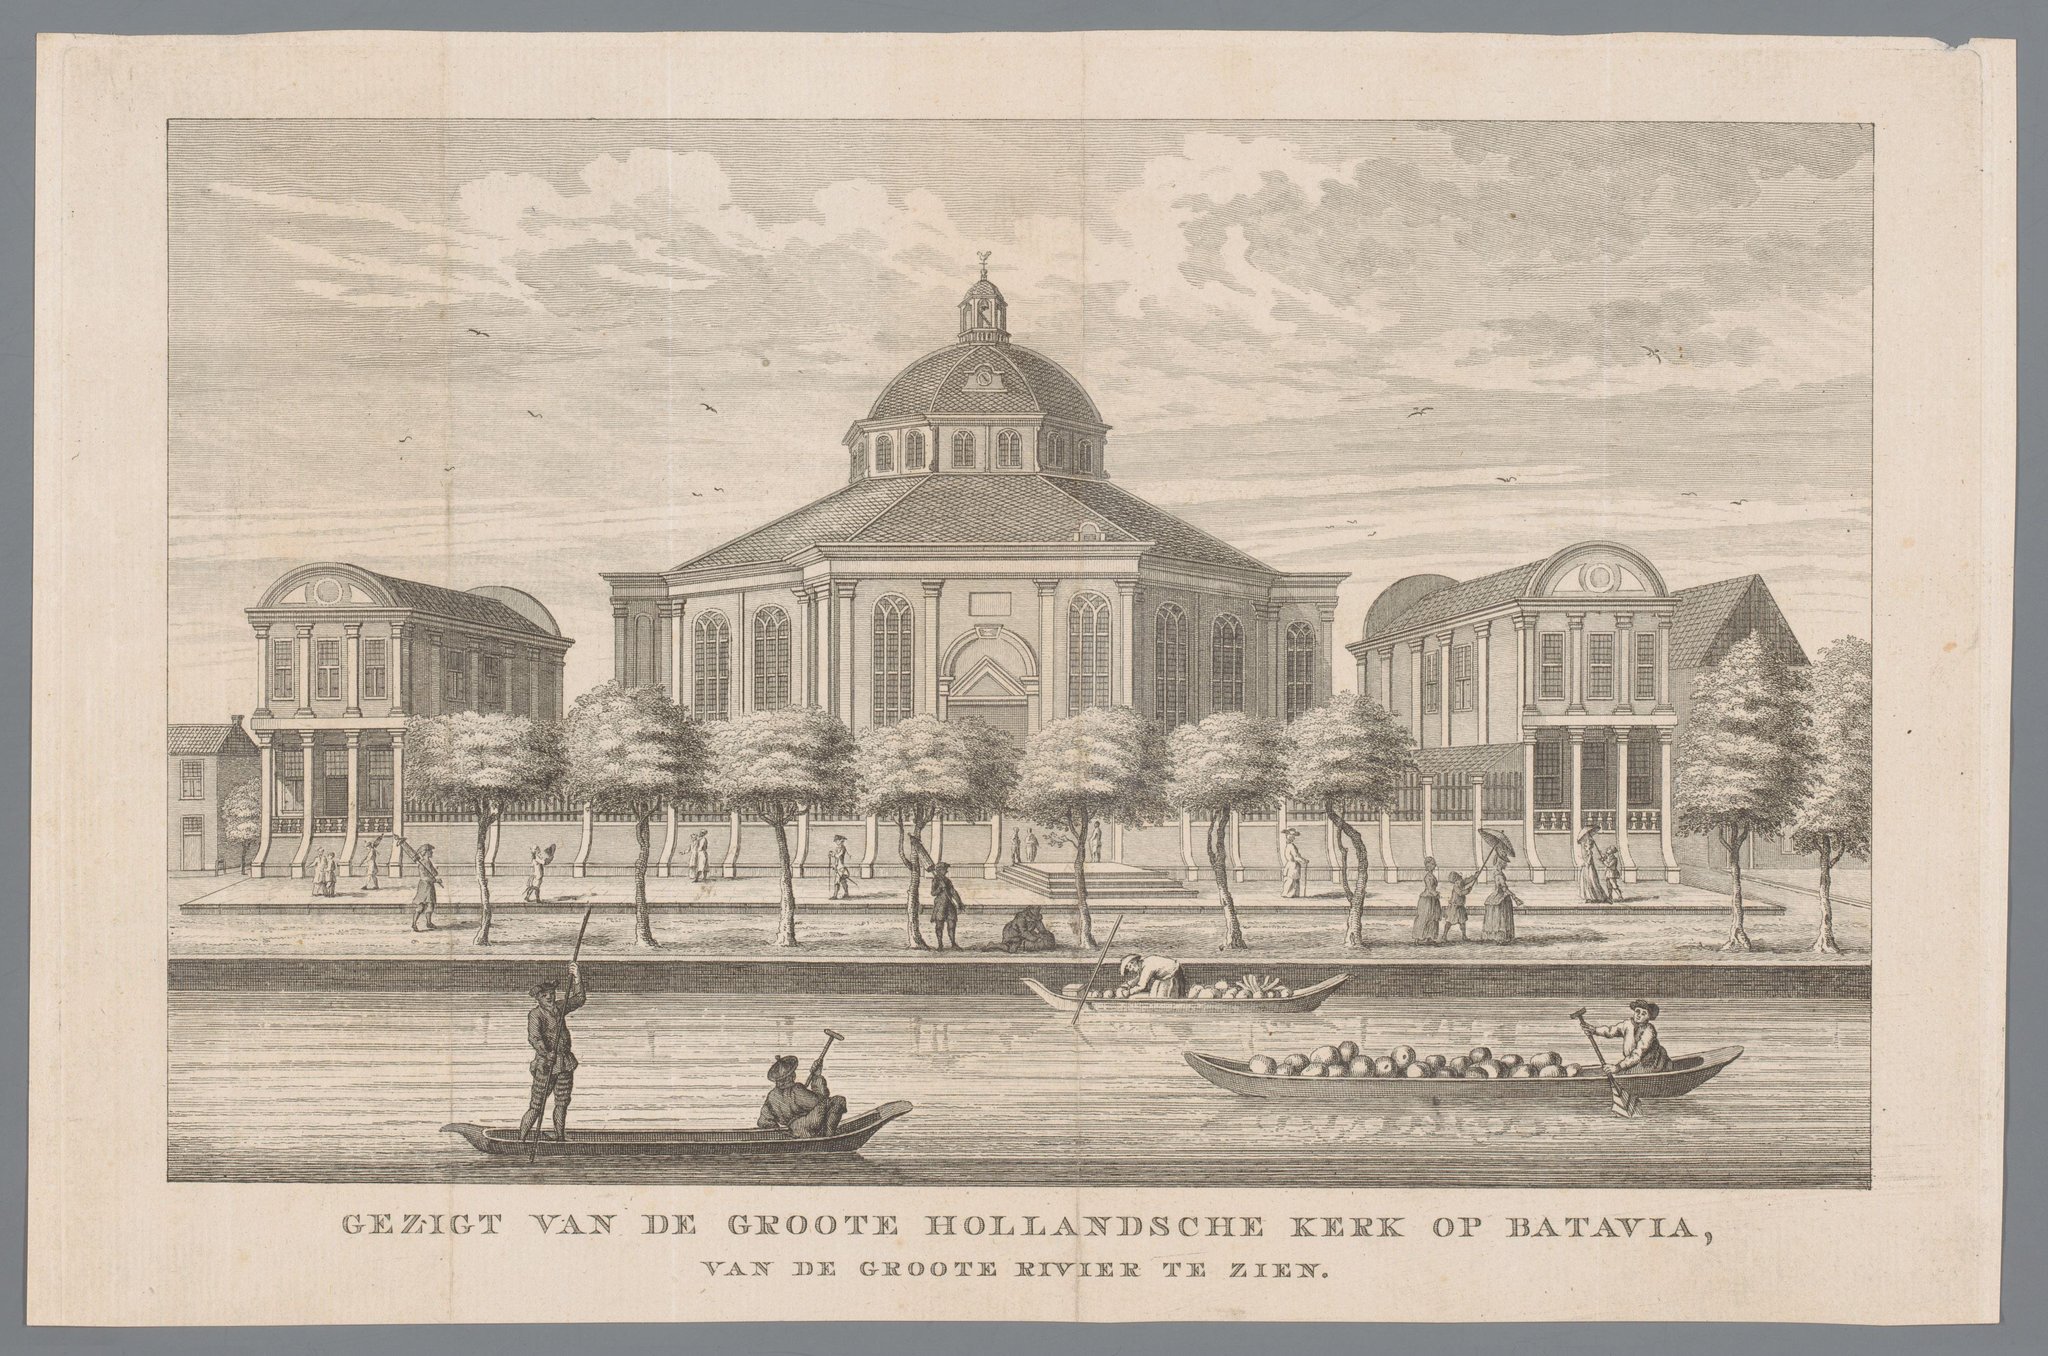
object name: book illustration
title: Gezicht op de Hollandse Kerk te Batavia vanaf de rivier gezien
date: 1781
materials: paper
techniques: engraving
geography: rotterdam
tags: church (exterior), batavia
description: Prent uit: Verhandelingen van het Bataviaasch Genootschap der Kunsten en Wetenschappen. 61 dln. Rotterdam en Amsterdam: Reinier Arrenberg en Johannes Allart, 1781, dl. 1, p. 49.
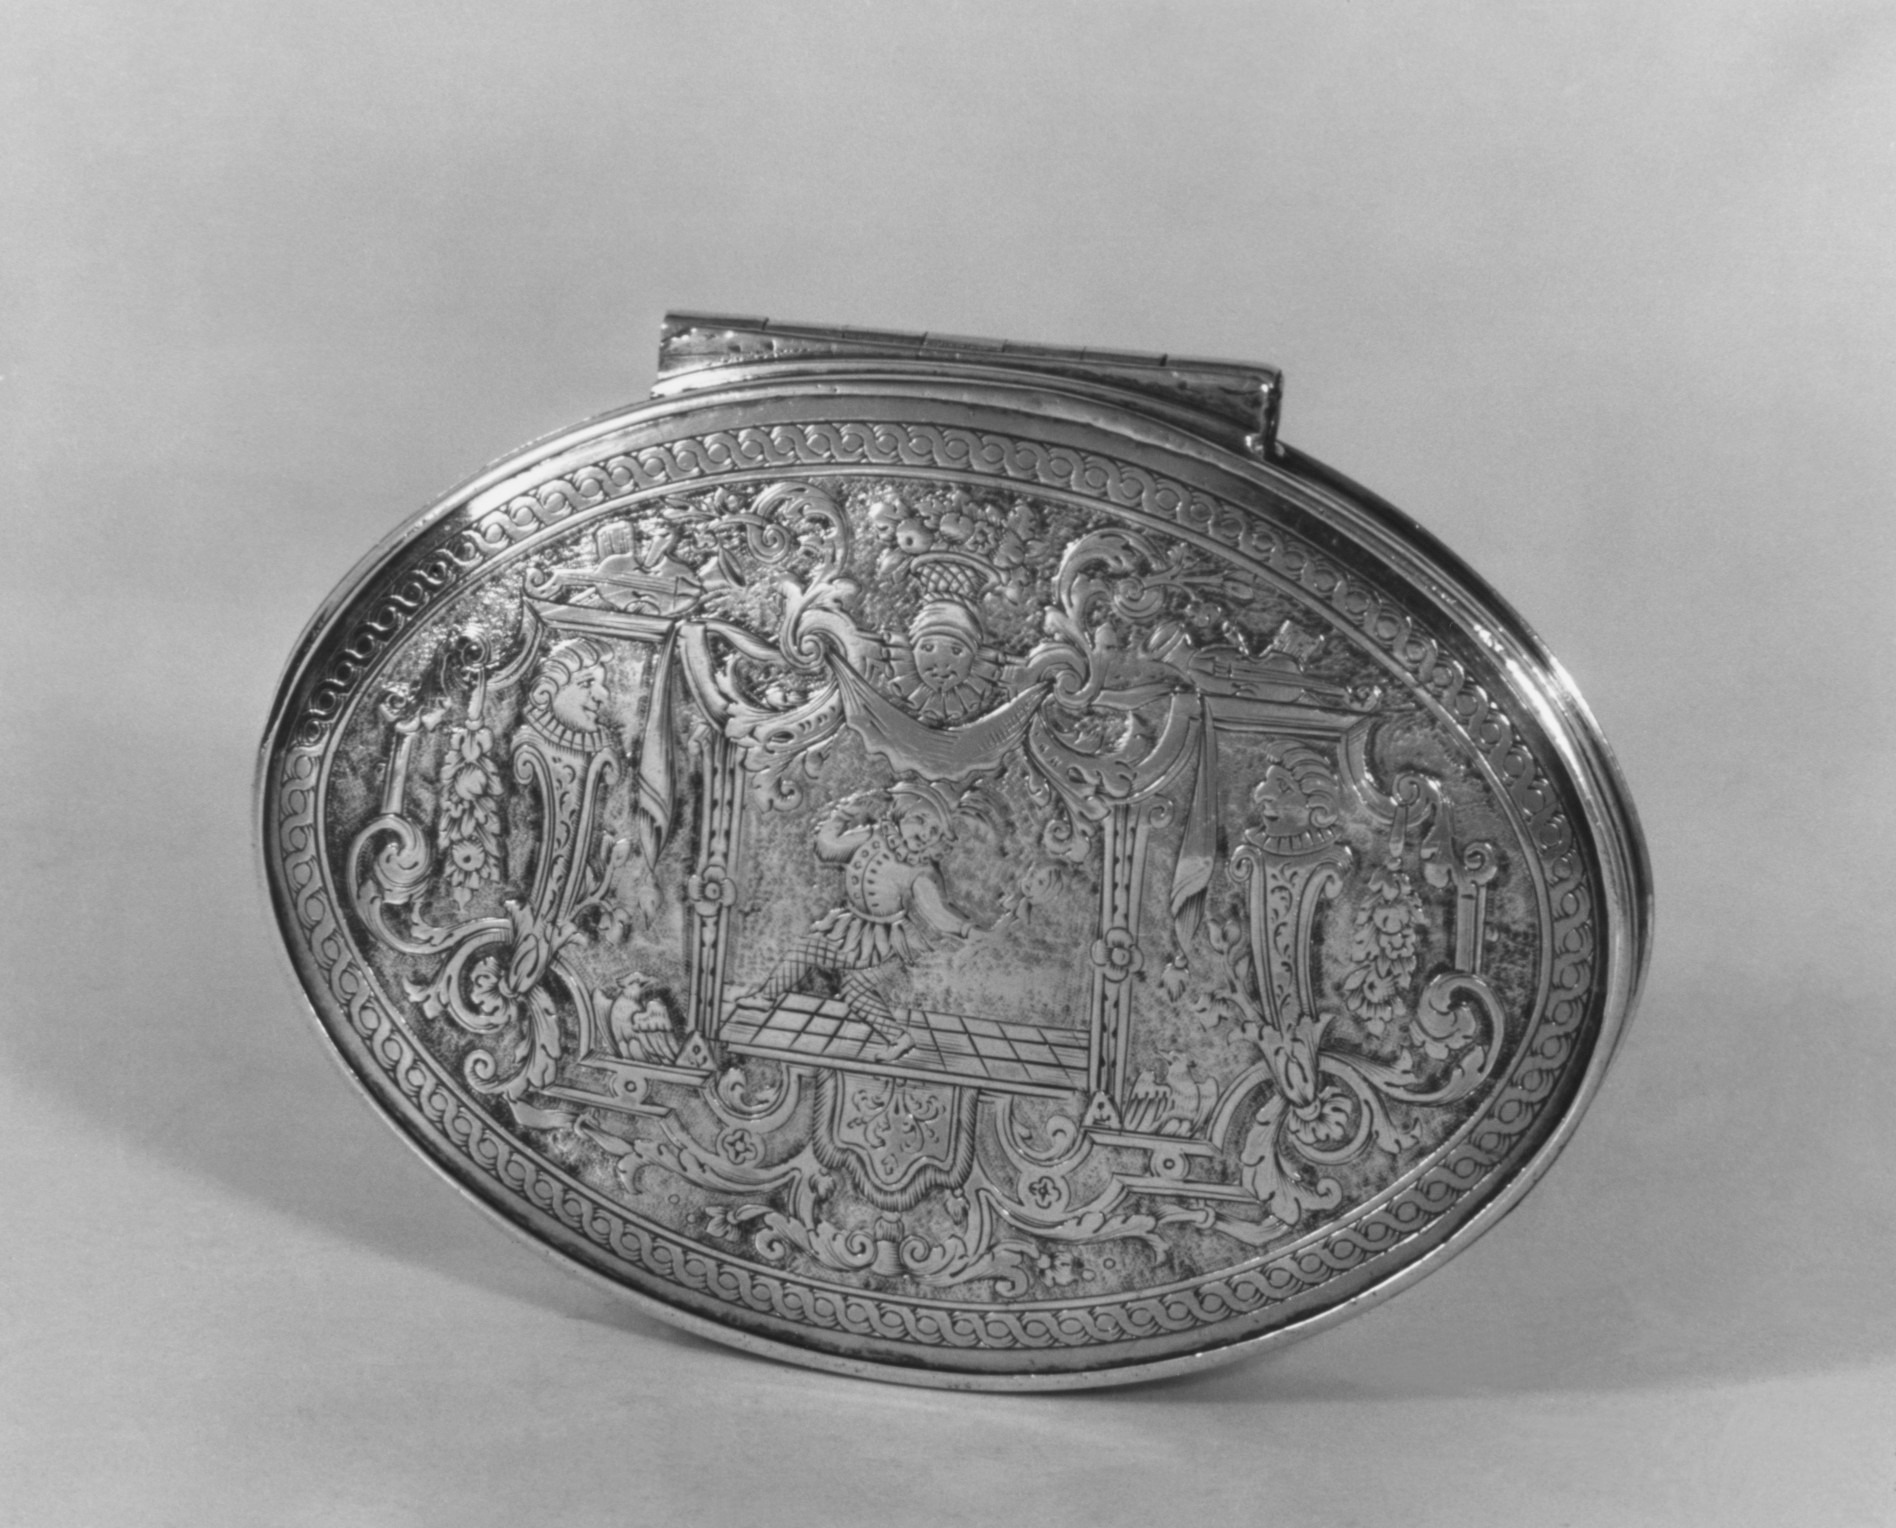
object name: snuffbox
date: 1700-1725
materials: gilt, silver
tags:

GOAL OF THE EXERCISE:
Reproduce each entry exactly as written, but leave out the images.

ANSWER TO THE EXERCISE:
object name: book illustration
title: Gezicht op de Hollandse Kerk te Batavia vanaf de rivier gezien
date: 1781
materials: paper
techniques: engraving
geography: rotterdam
tags: church (exterior), batavia
description: Prent uit: Verhandelingen van het Bataviaasch Genootschap der Kunsten en Wetenschappen. 61 dln. Rotterdam en Amsterdam: Reinier Arrenberg en Johannes Allart, 1781, dl. 1, p. 49.
object name: snuffbox
date: 1700-1725
materials: gilt, silver
tags:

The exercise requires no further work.